Royals legend Frank White was about 20, a freshly minted member of the new Royals Academy, when then-Cubs scout Buck O’Neil approached him for the first time. Some 40 years later, that meeting has led to White earning an annual award in O’Neil’s honor.

White and civic leader Randall Ferguson, Jr. were named this week as recipients of the Negro Leagues Baseball Museum’s 2017 Buck O’Neil Legacy Award.

O’Neil and White found common ground outside the infield dirt of the complex Ewing Kauffman built in Florida. White had spent his summers in the 1950s and 60s with his grandparents in Mississippi, picking cotton and peanuts. And O’Neil, who was nearly 30 years older, had experienced a similar upbringing in Sarasota, Fla., where he picked strawberries and cucumbers to help out his family.

“The jobs nobody wanted to do,” joked White, who serves as Jackson County Executive.

The conversation put down roots for a friendship that flourished over the decades, as O’Neil’s plentiful legacy in Kansas City entwined with the Negro Leagues Baseball Museum, and White’s coiled around the ascendance of a major-league franchise.

O’Neil and White worked together and with others to bring the first incarnation of the museum to life in 1990. They would all take turns paying rent for a one-room office in the Lincoln Building on 18th and Vine, White said, until the museum could move into its own space.

It was that time he spent with O’Neil decades after their first encounter, campaigning with him to get Negro Leagues players into the Baseball Hall of Fame, that still resonates with White 11 years after O’Neil’s death.

“You think about all the guys that he was able to help get into the Hall of Fame,” White said. “And when it became his turn, only one vote kept him out. I talked to him afterward, and I can’t say what his feelings were behind closed doors, but his optimism was just unbelievable.

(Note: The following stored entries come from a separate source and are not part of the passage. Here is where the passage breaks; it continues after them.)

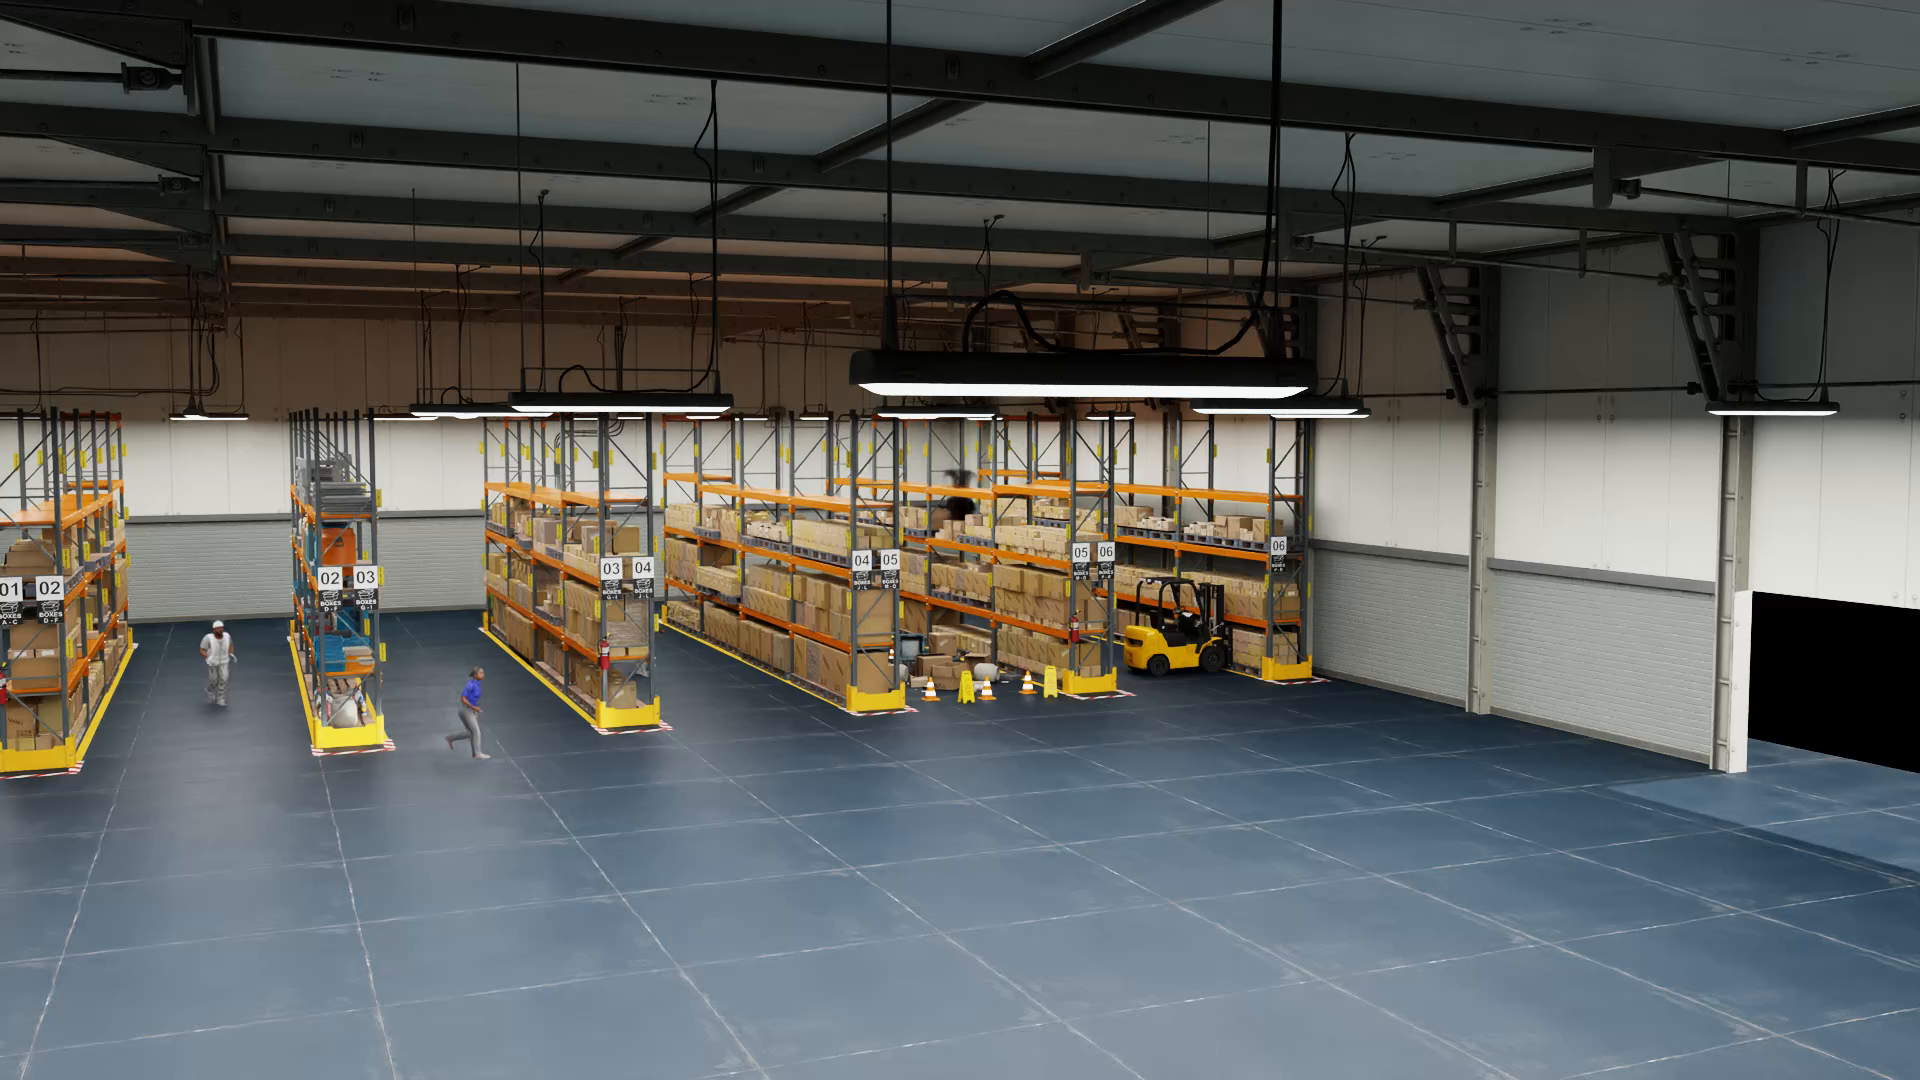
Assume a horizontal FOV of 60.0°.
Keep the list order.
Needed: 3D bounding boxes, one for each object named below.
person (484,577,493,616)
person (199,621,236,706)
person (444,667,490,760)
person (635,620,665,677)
[{"bbox_3d":[-13.302,1.542,47.698,0.602,1.786,0.750,2,4,22],"label":"person"},{"bbox_3d":[-15.135,2.492,33.836,0.684,1.732,0.795,-3,5,-39],"label":"person"},{"bbox_3d":[-8.425,2.948,28.281,0.755,1.609,0.564,1,4,8],"label":"person"},{"bbox_3d":[-7.090,2.265,37.692,0.831,1.716,0.671,1,4,16],"label":"person"}]
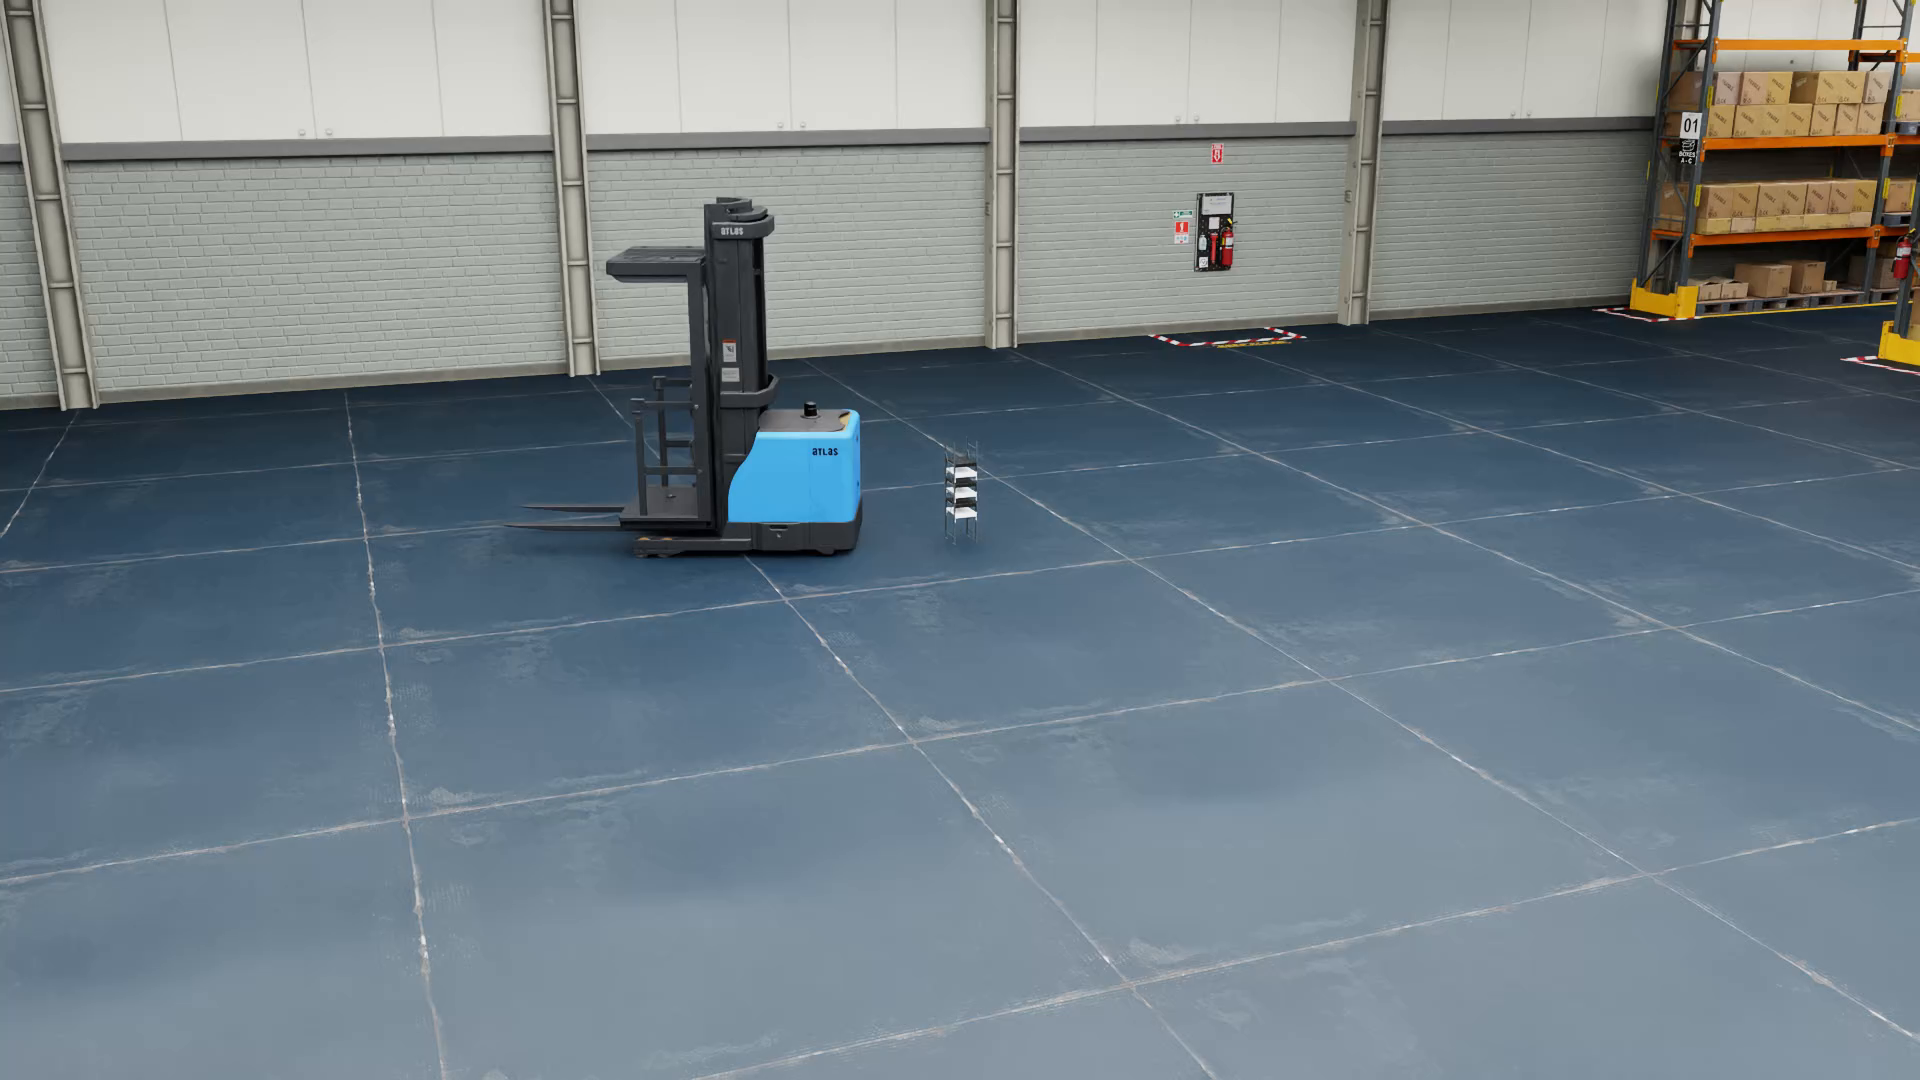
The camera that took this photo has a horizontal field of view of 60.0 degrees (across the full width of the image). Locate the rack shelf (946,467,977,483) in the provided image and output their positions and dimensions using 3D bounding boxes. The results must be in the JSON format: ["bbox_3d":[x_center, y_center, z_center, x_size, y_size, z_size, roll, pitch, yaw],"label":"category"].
[{"bbox_3d":[0.008,-0.573,14.433,0.200,0.077,0.258,-6,17,-20],"label":"rack shelf"}]

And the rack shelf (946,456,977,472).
[{"bbox_3d":[0.008,-0.660,14.408,0.200,0.077,0.258,-6,17,-20],"label":"rack shelf"}]

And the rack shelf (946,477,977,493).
[{"bbox_3d":[0.008,-0.487,14.458,0.200,0.077,0.258,-6,17,-20],"label":"rack shelf"}]

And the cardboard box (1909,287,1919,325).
[{"bbox_3d":[13.626,-3.239,23.109,0.500,0.500,0.500,-6,17,-20],"label":"cardboard box"}]

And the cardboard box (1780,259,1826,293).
[{"bbox_3d":[14.236,-4.468,28.144,0.500,0.500,0.500,-8,18,-24],"label":"cardboard box"}]

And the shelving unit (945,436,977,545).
[{"bbox_3d":[0.008,-0.433,14.474,0.210,0.900,0.258,-6,17,-20],"label":"shelving unit"}]

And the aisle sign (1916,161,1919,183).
[{"bbox_3d":[13.065,-5.183,22.310,0.004,0.787,0.394,-6,17,-20],"label":"aisle sign"}]

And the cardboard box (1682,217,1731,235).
[{"bbox_3d":[12.025,-5.071,26.774,0.500,0.250,0.500,-7,18,-22],"label":"cardboard box"}]

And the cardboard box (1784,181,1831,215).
[{"bbox_3d":[13.922,-5.640,27.379,0.500,0.500,0.500,-7,18,-22],"label":"cardboard box"}]

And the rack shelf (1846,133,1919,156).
[{"bbox_3d":[17.058,-6.867,28.611,4.000,0.370,1.077,-6,17,-20],"label":"rack shelf"}]

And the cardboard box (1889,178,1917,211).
[{"bbox_3d":[16.202,-5.927,28.499,0.500,0.500,0.700,-4,17,-14],"label":"cardboard box"}]

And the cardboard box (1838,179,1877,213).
[{"bbox_3d":[14.860,-5.740,27.719,0.500,0.500,0.500,-6,17,-20],"label":"cardboard box"}]

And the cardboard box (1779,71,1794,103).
[{"bbox_3d":[13.211,-7.407,27.187,0.500,0.500,0.500,-6,17,-20],"label":"cardboard box"}]

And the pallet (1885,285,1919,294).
[{"bbox_3d":[17.058,-4.436,29.330,1.213,0.211,1.003,-6,17,-20],"label":"pallet"}]

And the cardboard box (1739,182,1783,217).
[{"bbox_3d":[12.959,-5.532,27.012,0.500,0.500,0.500,-7,18,-22],"label":"cardboard box"}]

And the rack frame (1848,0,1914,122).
[{"bbox_3d":[15.191,-8.450,27.401,0.127,3.000,1.000,-6,17,-20],"label":"rack frame"}]

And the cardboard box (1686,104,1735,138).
[{"bbox_3d":[11.857,-6.633,26.324,0.500,0.500,0.500,-6,17,-19],"label":"cardboard box"}]

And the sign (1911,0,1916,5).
[{"bbox_3d":[15.368,-8.791,26.765,0.005,0.325,0.100,-6,17,-20],"label":"sign"}]

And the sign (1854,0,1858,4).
[{"bbox_3d":[14.987,-9.119,27.742,0.005,0.325,0.100,-6,17,-20],"label":"sign"}]

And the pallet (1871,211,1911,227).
[{"bbox_3d":[15.956,-5.518,28.405,1.213,0.211,1.003,-6,17,-20],"label":"pallet"}]

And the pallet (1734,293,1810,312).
[{"bbox_3d":[13.435,-4.032,27.954,1.213,0.211,1.003,-6,17,-20],"label":"pallet"}]

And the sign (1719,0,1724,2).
[{"bbox_3d":[11.650,-8.390,25.398,0.005,0.325,0.100,-6,17,-20],"label":"sign"}]

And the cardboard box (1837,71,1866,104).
[{"bbox_3d":[14.309,-7.367,27.052,0.500,0.500,0.500,-5,17,-17],"label":"cardboard box"}]

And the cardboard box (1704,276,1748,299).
[{"bbox_3d":[12.666,-4.192,27.542,0.500,0.311,0.500,-5,17,-15],"label":"cardboard box"}]

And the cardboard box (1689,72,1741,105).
[{"bbox_3d":[11.902,-7.119,26.207,0.500,0.500,0.500,-8,18,-24],"label":"cardboard box"}]

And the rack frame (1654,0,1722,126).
[{"bbox_3d":[11.455,-8.046,26.027,0.127,3.000,1.000,-6,17,-20],"label":"rack frame"}]

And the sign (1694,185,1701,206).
[{"bbox_3d":[11.650,-5.440,26.265,0.005,0.325,0.100,-6,17,-20],"label":"sign"}]

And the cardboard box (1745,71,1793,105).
[{"bbox_3d":[12.863,-7.211,26.520,0.500,0.500,0.500,-6,17,-19],"label":"cardboard box"}]

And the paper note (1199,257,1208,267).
[{"bbox_3d":[3.686,-4.200,25.139,0.142,0.148,0.016,-6,17,-20],"label":"paper note"}]

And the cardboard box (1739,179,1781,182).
[{"bbox_3d":[13.245,-5.721,27.656,0.500,0.500,0.500,-6,17,-19],"label":"cardboard box"}]

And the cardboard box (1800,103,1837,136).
[{"bbox_3d":[13.827,-6.838,27.025,0.500,0.500,0.500,-7,18,-22],"label":"cardboard box"}]

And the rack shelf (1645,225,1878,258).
[{"bbox_3d":[13.323,-5.024,27.661,4.000,0.370,1.077,-6,17,-20],"label":"rack shelf"}]

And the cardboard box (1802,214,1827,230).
[{"bbox_3d":[13.924,-5.278,27.480,0.500,0.250,0.500,-6,17,-20],"label":"cardboard box"}]

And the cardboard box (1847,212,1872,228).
[{"bbox_3d":[14.857,-5.381,27.830,0.500,0.250,0.500,-6,17,-20],"label":"cardboard box"}]

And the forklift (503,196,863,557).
[{"bbox_3d":[-2.397,-1.407,14.189,3.031,2.935,1.130,0,16,1],"label":"forklift"}]

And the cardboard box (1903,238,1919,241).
[{"bbox_3d":[16.766,-5.120,29.034,0.500,0.250,0.500,-7,18,-22],"label":"cardboard box"}]

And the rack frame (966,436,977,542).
[{"bbox_3d":[0.103,-0.443,14.509,0.006,0.900,0.240,-6,17,-20],"label":"rack frame"}]

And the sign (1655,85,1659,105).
[{"bbox_3d":[11.276,-7.180,26.829,0.005,0.325,0.100,-6,17,-20],"label":"sign"}]

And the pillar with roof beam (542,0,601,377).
[{"bbox_3d":[-3.468,-5.397,17.006,0.400,9.000,9.100,-6,17,-20],"label":"pillar with roof beam"}]

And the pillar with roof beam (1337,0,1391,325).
[{"bbox_3d":[7.737,-6.607,21.126,0.400,9.000,9.100,-6,17,-20],"label":"pillar with roof beam"}]

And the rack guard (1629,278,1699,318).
[{"bbox_3d":[11.526,-3.976,27.251,0.348,0.500,1.175,-6,17,-20],"label":"rack guard"}]

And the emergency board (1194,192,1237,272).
[{"bbox_3d":[3.876,-4.622,25.014,0.643,1.169,0.194,-6,17,-20],"label":"emergency board"}]

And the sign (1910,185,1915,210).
[{"bbox_3d":[13.050,-4.678,22.730,0.005,0.325,0.100,-6,17,-20],"label":"sign"}]

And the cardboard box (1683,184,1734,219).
[{"bbox_3d":[12.009,-5.434,26.680,0.500,0.500,0.500,-6,17,-20],"label":"cardboard box"}]

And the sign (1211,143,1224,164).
[{"bbox_3d":[3.832,-5.760,24.774,0.199,0.298,0.001,-6,17,-20],"label":"sign"}]

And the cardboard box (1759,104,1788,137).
[{"bbox_3d":[12.855,-6.731,26.658,0.500,0.500,0.500,-5,17,-18],"label":"cardboard box"}]

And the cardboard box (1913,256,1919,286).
[{"bbox_3d":[16.337,-4.727,29.026,0.500,0.500,0.700,-7,18,-21],"label":"cardboard box"}]

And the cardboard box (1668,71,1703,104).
[{"bbox_3d":[11.765,-7.257,26.674,0.500,0.500,0.500,-5,17,-18],"label":"cardboard box"}]

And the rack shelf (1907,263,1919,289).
[{"bbox_3d":[15.099,-3.721,23.224,4.000,0.370,1.077,-6,17,-20],"label":"rack shelf"}]

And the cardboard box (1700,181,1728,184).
[{"bbox_3d":[12.293,-5.617,27.302,0.500,0.500,0.500,-6,17,-19],"label":"cardboard box"}]

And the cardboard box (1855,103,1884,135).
[{"bbox_3d":[14.805,-6.952,27.411,0.500,0.500,0.500,-6,17,-19],"label":"cardboard box"}]

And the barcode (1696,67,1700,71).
[{"bbox_3d":[11.940,-7.626,26.902,0.075,0.075,0.001,-6,17,-20],"label":"barcode"}]

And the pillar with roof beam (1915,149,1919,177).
[{"bbox_3d":[18.943,-7.817,25.246,0.400,9.000,9.100,-6,17,-20],"label":"pillar with roof beam"}]

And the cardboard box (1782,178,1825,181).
[{"bbox_3d":[14.193,-5.825,28.010,0.500,0.500,0.500,-6,17,-20],"label":"cardboard box"}]

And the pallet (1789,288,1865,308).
[{"bbox_3d":[14.576,-4.156,28.377,1.213,0.211,1.003,-6,17,-20],"label":"pallet"}]

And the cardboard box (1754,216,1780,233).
[{"bbox_3d":[12.982,-5.177,27.135,0.500,0.250,0.500,-6,18,-21],"label":"cardboard box"}]

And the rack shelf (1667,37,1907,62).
[{"bbox_3d":[13.323,-7.901,26.816,4.000,0.370,1.077,-6,17,-20],"label":"rack shelf"}]

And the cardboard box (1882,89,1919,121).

Where most people would be totally devastated, he looked at it the other way: ‘Look how many people I helped.’ It definitely spoke volumes to me.”

Members of the community who show “outstanding support” for the museum, run by president Bob Kendrick, are chosen annually for the Buck O’Neil Award, which will be presented across the street from the museum at the Gem Theater on Nov. 11.

“These are the kind of things I really want to be remembered for, in being able to give back to the community in so many different ways, and this is one of them,” White said. “I’m very humbled by it. ... I’m trying to do things to improve the quality of life for people and this is a tremendous honor for me.”

In addition to the presentation of the O’Neil Legacy Awards, the Negro Leagues Baseball Museum will host the inaugural “Rock the Vine” Fashion Show, a Buck O’Neil 2.2-mile Walk and 5K Run and a “Sax in the City” concert featuring Gerald Albright and Selina Albright

For tickets or more information, call the NLBM at (816) 221-1920 or visit www.nlbm.com.

This story was originally published October 26, 2017 at 5:52 PM with the headline "Royals legend Frank White will be honored with Buck O’Neil Legacy Award."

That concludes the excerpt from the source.